Reply of RetrieveSparkAppConfig
is triggered through orElse(super.receiveAndReply(context))
when shuffleManager.isDefined
is false. So a reply is always expected.
hmm, that's right. I missed that orElse part. Now I find the default handling of RetrieveSparkAppConfig
. then I will need to debug my issue a little bit more.
I often find the executor pod reports that the connection to driver is not active and will shutdown in 120s. And looking into the driver pod's log, I find that driver is waiting for "RegisterExecutor" msg from the executor. That's sound very odd, driver and executor are waiting for each other!
I traced and find something does not sound right in the code, but I am not really sure.
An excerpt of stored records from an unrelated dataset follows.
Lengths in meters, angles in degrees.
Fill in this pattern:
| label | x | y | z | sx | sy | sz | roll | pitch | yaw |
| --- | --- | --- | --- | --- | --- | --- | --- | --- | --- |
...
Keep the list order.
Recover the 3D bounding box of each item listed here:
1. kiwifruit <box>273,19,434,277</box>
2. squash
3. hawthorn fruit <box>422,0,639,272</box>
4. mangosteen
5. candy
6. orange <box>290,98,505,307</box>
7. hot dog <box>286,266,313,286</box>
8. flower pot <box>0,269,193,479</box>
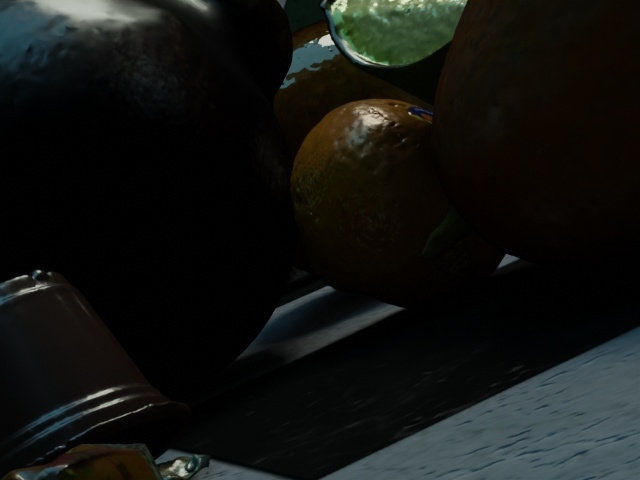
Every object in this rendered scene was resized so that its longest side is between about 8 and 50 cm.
| label | x | y | z | sx | sy | sz | roll | pitch | yaw |
| --- | --- | --- | --- | --- | --- | --- | --- | --- | --- |
| kiwifruit | 0.028 | -0.063 | 1.228 | 0.196 | 0.196 | 0.234 | -22 | 0 | -3 |
| squash | 0.145 | -0.103 | 0.986 | 0.137 | 0.137 | 0.287 | -19 | -31 | 38 |
| hawthorn fruit | 0.136 | -0.065 | 0.808 | 0.251 | 0.199 | 0.199 | -39 | -6 | 31 |
| mangosteen | -0.137 | -0.039 | 1.048 | 0.313 | 0.297 | 0.297 | -35 | 7 | -19 |
| candy | -0.095 | 0.101 | 0.641 | 0.053 | 0.046 | 0.182 | -19 | 2 | 18 |
| orange | 0.046 | -0.019 | 0.990 | 0.136 | 0.117 | 0.135 | 18 | 21 | -7 |
| hot dog | 0.000 | 0.000 | 1.535 | 0.099 | 0.053 | 0.192 | -24 | -1 | 39 |
| flower pot | -0.124 | 0.066 | 0.750 | 0.111 | 0.089 | 0.111 | -28 | -15 | -8 |
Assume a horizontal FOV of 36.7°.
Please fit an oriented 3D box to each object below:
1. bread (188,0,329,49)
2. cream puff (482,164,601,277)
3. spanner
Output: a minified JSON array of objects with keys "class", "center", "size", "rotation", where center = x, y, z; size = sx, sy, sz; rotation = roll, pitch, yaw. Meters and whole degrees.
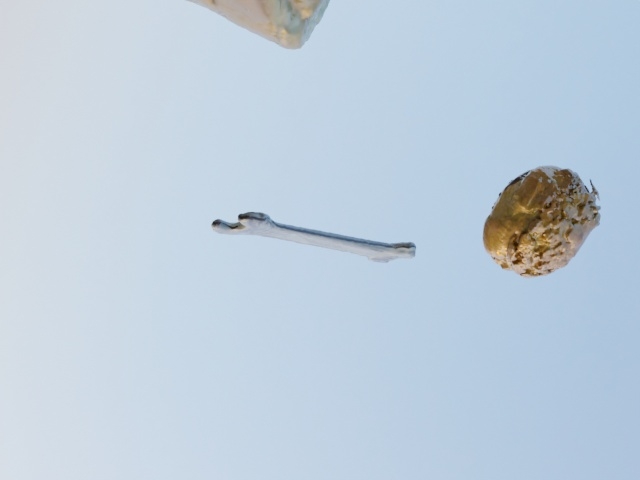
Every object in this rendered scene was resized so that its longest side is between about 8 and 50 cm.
[{"class":"bread","center":[-0.130,-0.373,0.954],"size":[0.210,0.341,0.301],"rotation":[-54,169,-46]},{"class":"cream puff","center":[0.346,-0.025,1.478],"size":[0.129,0.189,0.189],"rotation":[41,-71,35]},{"class":"spanner","center":[0.000,0.000,1.120],"size":[0.071,0.301,0.018],"rotation":[-18,-110,41]}]

Could someone take a look?
core\src\main\scala\org\apache\spark\executor\CoarseGrainedExecutorBackend.scala. I think it contains the main loop of the executor. Here is one line:
val cfg = driver.askSync[SparkAppConfig](RetrieveSparkAppConfig(executorId))
It is unconditional executed, asking the driver for a configuration.\resource-managers\kubernetes\core\src\main\scala\org\apache\spark\scheduler\cluster\k8s\KubernetesClusterSchedulerBackend.scala. I think it contains the main loop of the driver pod. Here is how it handles RetrieveSparkAppConfig
It seems that the driver pod reply the RetrieveSparkAppConfig only if shuffle service is configured.
I didn't enable the shuffle service. I guess that leads to my strange issue.
Shouldn't a configuration always be constructed and sent back?